_Activity_
Look through the records below for the line with "11. person (1097,497,1141,649)" and the line with "21. person (833,289,859,412)", then return those lines and all lines between, exactly.

**** Information provided ****

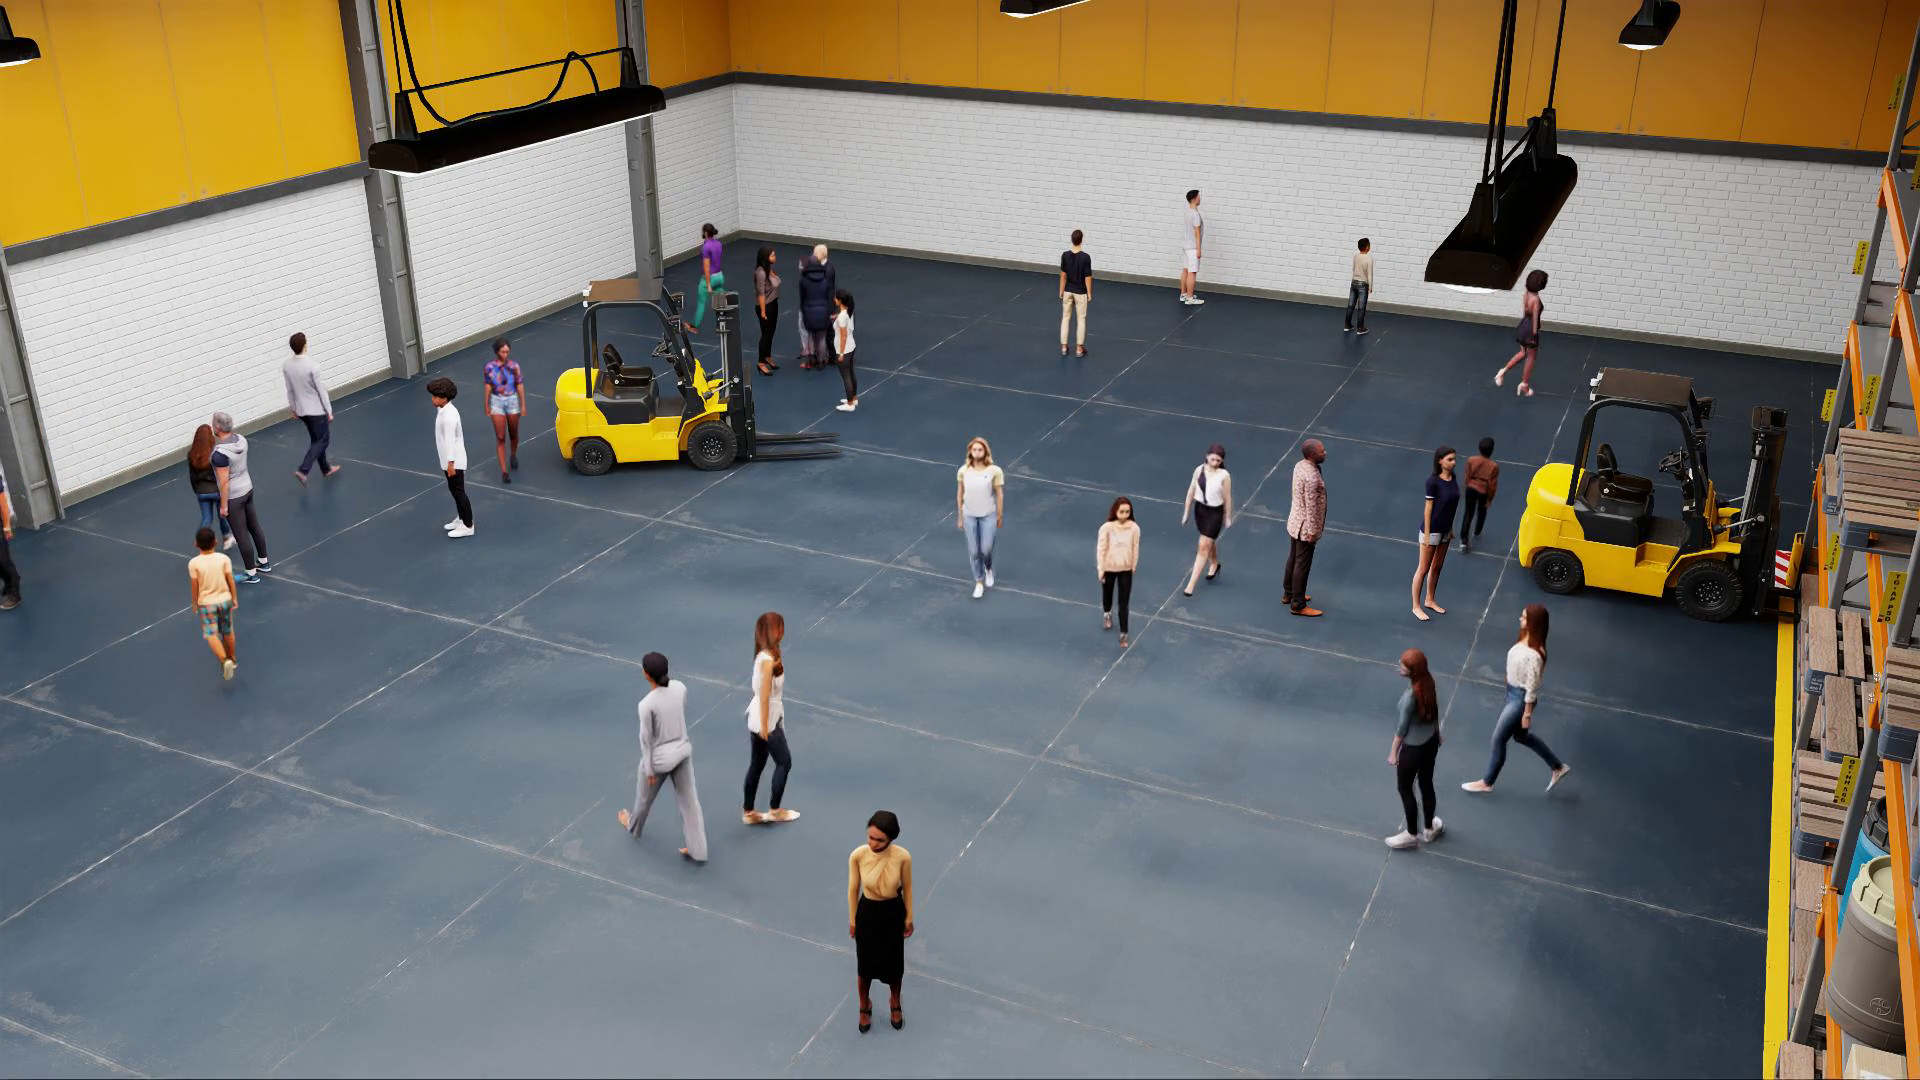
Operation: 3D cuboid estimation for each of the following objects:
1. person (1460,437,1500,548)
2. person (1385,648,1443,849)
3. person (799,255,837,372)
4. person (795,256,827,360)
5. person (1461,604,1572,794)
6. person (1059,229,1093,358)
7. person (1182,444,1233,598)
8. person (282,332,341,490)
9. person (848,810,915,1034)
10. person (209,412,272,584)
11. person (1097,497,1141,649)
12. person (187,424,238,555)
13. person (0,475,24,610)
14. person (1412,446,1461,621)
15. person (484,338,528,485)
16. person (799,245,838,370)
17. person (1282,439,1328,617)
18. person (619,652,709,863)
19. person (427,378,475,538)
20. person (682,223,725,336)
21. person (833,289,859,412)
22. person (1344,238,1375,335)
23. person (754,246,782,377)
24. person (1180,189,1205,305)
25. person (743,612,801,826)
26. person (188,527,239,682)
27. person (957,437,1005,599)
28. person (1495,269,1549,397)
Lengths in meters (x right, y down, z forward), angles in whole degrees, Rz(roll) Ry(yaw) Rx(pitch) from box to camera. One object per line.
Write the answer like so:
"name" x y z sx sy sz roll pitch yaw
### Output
"person" 5.593 -0.492 18.029 0.540 1.225 0.923 12 26 25
"person" 3.535 1.579 12.676 0.648 1.717 0.887 -15 28 -31
"person" -2.045 -3.211 23.705 0.770 1.660 0.786 2 24 4
"person" -2.131 -3.364 24.175 0.870 1.564 0.803 -9 25 -20
"person" 4.572 1.309 13.313 0.843 1.702 1.076 4 24 8
"person" 1.694 -3.628 24.420 0.638 1.851 0.554 9 25 21
"person" 2.575 -0.232 16.977 0.716 1.591 1.147 16 28 32
"person" -7.690 -1.508 19.598 0.729 1.829 1.108 8 25 18
"person" -0.510 2.457 10.748 0.660 1.654 0.681 -1 24 -3
"person" -7.465 -0.456 17.196 0.822 1.826 0.633 2 24 5
"person" 1.492 0.263 16.032 0.857 1.441 1.061 -1 24 -3
"person" -8.010 -0.492 17.737 0.838 1.458 1.002 -2 24 -4
"person" -9.628 -0.181 16.625 0.722 1.779 0.738 6 24 13
"person" 4.704 -0.091 16.436 0.609 1.765 0.710 -15 28 -31
"person" -5.449 -1.599 19.962 1.053 1.704 1.159 -6 24 -13
"person" -1.876 -3.364 23.902 1.019 1.784 0.966 -6 24 -13
"person" 3.417 -0.150 16.517 0.833 1.808 0.708 -1 24 -3
"person" -2.136 1.666 12.511 0.934 1.691 1.133 20 31 38
"person" -5.579 -0.922 18.286 0.759 1.806 0.701 -9 25 -19
"person" -3.673 -3.895 25.180 0.738 1.732 1.045 12 26 25
"person" -1.523 -2.544 22.202 0.674 1.642 0.522 5 24 11
"person" 6.139 -3.907 25.548 0.613 1.459 0.607 -19 30 -36
"person" -2.759 -3.269 23.616 0.767 1.838 0.625 4 24 8
"person" 3.764 -4.775 27.038 0.823 1.856 0.738 -6 24 -13
"person" -1.586 1.437 12.958 0.833 1.752 0.774 -3 24 -6
"person" -6.824 0.600 15.255 0.877 1.446 0.838 -16 28 -32
"person" 0.204 -0.260 16.885 0.718 1.716 0.756 4 24 8
"person" 7.646 -2.792 22.610 0.858 1.770 0.840 -4 24 -9

****

_Solution for this task_
11. person (1097,497,1141,649)
12. person (187,424,238,555)
13. person (0,475,24,610)
14. person (1412,446,1461,621)
15. person (484,338,528,485)
16. person (799,245,838,370)
17. person (1282,439,1328,617)
18. person (619,652,709,863)
19. person (427,378,475,538)
20. person (682,223,725,336)
21. person (833,289,859,412)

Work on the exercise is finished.